The handsome, somber figure, carrying a large duffel bag, crossed the front lawn and planted herself at the foot of my porch and I smiled, unable to speak.
“Cash Tate, Ms. Tanner. I was hoping you might be expecting me. Heard you need an experienced hand, and I damn sure am one.”
“You have no idea how much I’ve missed you.” My words were breathless and barely audible.
Her tone was serious but her eyes caressed me. “I hope you have your shotgun handy, Maggie Tanner, because that’s what it’s going to take to get me to leave you again. I swear, you’ll have to shoot me.”
“And what if you get bored with this…me?”
“I won’t.”
“When I’m sixty—”
“We’ll dance in the moonlight.”
“What will you do out here, for God’s sake?”
“Love you.”
I sagged in surrender as she picked up her duffel and slung it onto the porch, bounded up the steps, and gathered me up in her arms, pressing every inch of me to her. Then, like the hero in a bad Western movie, she picked me up and carried me over the threshold.

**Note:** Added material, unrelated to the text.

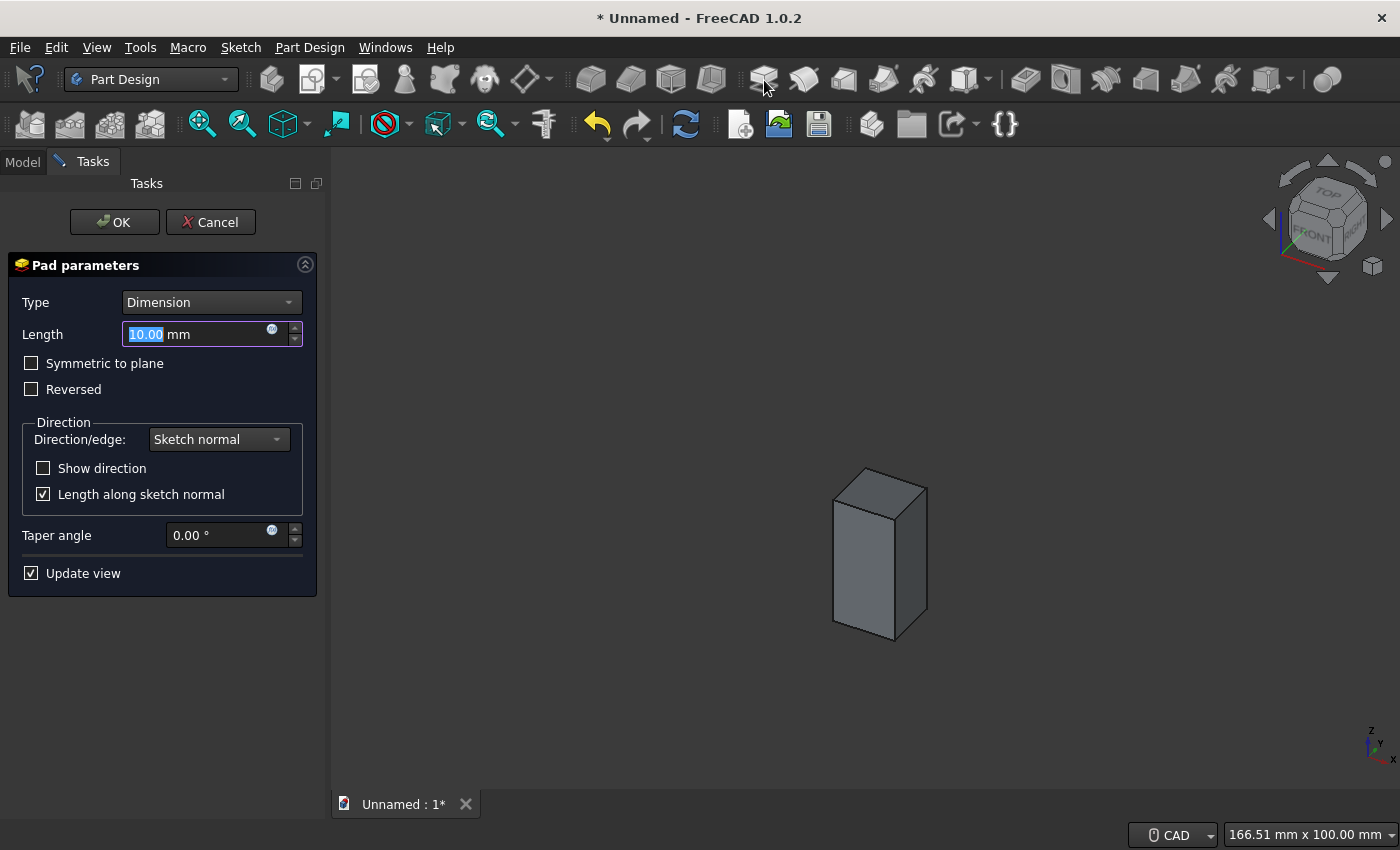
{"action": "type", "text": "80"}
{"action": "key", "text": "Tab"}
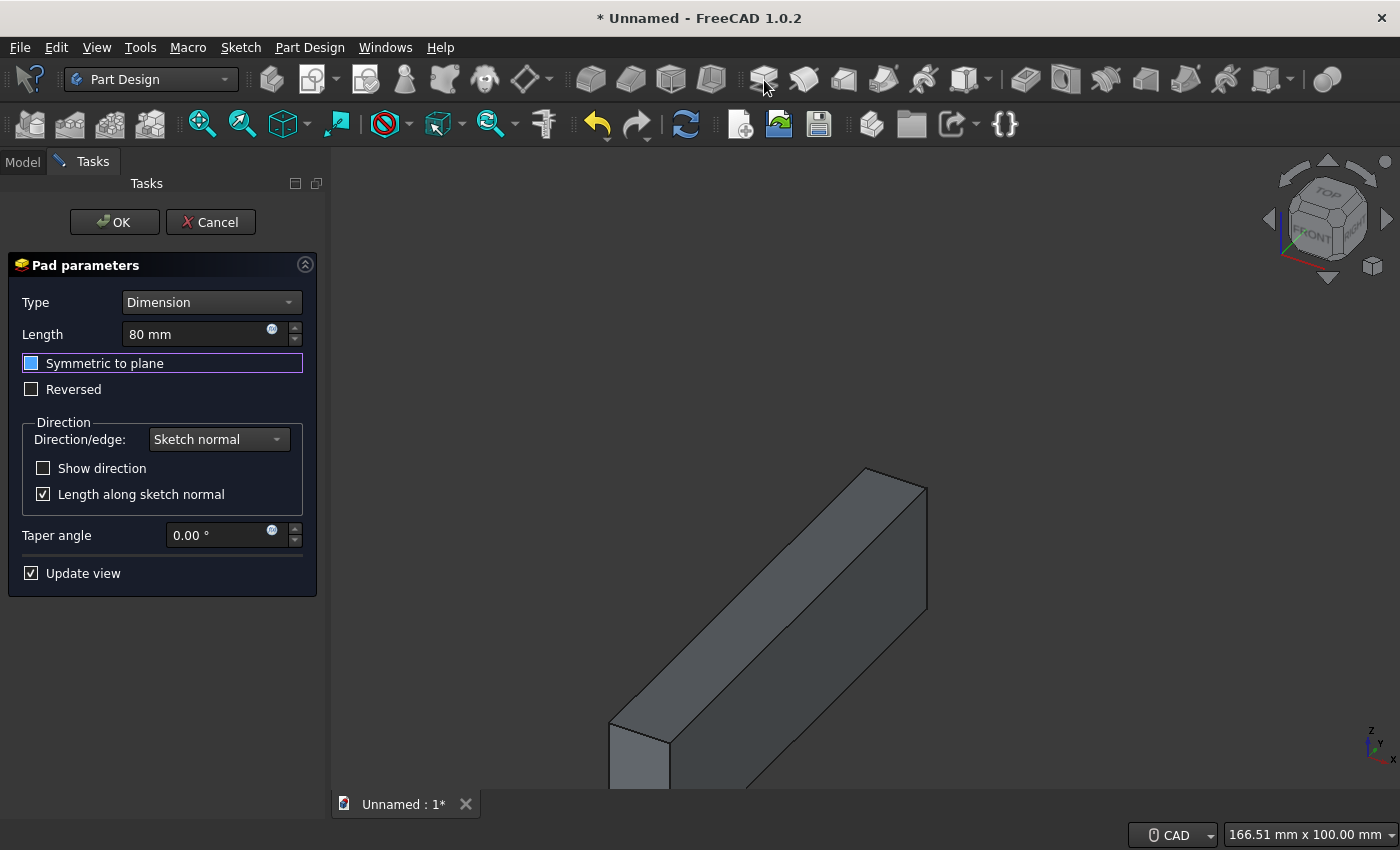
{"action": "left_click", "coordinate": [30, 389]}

“Put me down, you’ll break your back.”
“I only intend to do this on special occasions. She tilted me so I could reach the screen-door handle. “Hold the door open, Ms.
Tanner.” As I did, she caught it with her foot and swung it back, twirling us both through the opening. Moses leapt up and down at her every step, overjoyed that she was back as Cash made a left turn away from the guest room and into my bedroom, where she lowered me onto the bed.
For a second, I realized Cash would never really fit in anywhere, except maybe out here, if given a chance, and I didn’t fit anywhere either, despite the years I’d stayed. And none of that mattered any more for either of us.
“I said every terrible thing in the world to you—”
“And didn’t have the courtesy to answer my e-mail,” she said.
“—when the truth is, I love you. I’ve been desolate without you.”
“I spent weeks trying to get over you, but I couldn’t get you out of my head. And then I realized I could spend years trying to find the thing that makes me happy, when it’s you. Just you.” She buried her face in my neck and ran her hands down my back and cradled my body, nearly driving me insane.